→ ABOUT THIS TASK:
Hand back all records exactly, pictures omitted.

→ GIVEN DATA:
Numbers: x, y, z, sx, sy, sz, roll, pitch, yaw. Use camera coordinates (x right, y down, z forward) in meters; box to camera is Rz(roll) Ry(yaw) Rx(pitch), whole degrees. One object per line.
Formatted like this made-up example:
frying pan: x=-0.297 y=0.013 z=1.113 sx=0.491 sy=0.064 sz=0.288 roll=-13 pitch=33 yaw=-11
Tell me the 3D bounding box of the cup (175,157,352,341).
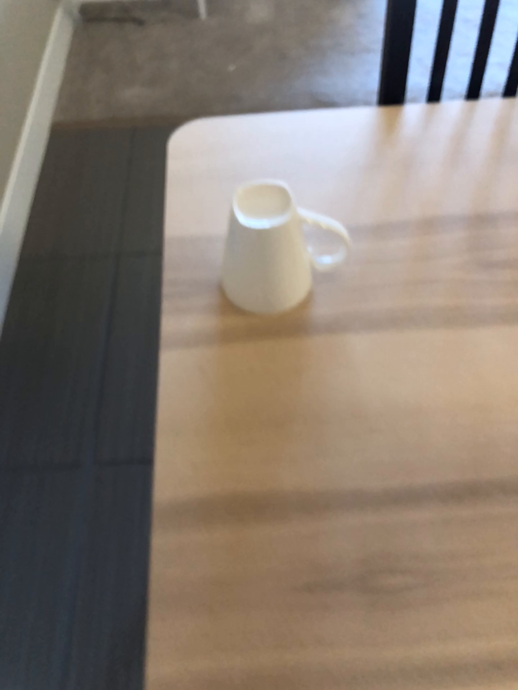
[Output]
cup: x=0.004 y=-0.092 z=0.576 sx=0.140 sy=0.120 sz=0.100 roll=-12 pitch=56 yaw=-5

→ EXPECTED ANSWER:
Numbers: x, y, z, sx, sy, sz, roll, pitch, yaw. Use camera coordinates (x right, y down, z forward) in meters; box to camera is Rz(roll) Ry(yaw) Rx(pitch), whole degrees. One object per line.
Formatted like this made-up example:
frying pan: x=-0.297 y=0.013 z=1.113 sx=0.491 sy=0.064 sz=0.288 roll=-13 pitch=33 yaw=-11
Tell me the 3D bounding box of the cup (175,157,352,341).
[Output]
cup: x=0.004 y=-0.092 z=0.576 sx=0.140 sy=0.120 sz=0.100 roll=-12 pitch=56 yaw=-5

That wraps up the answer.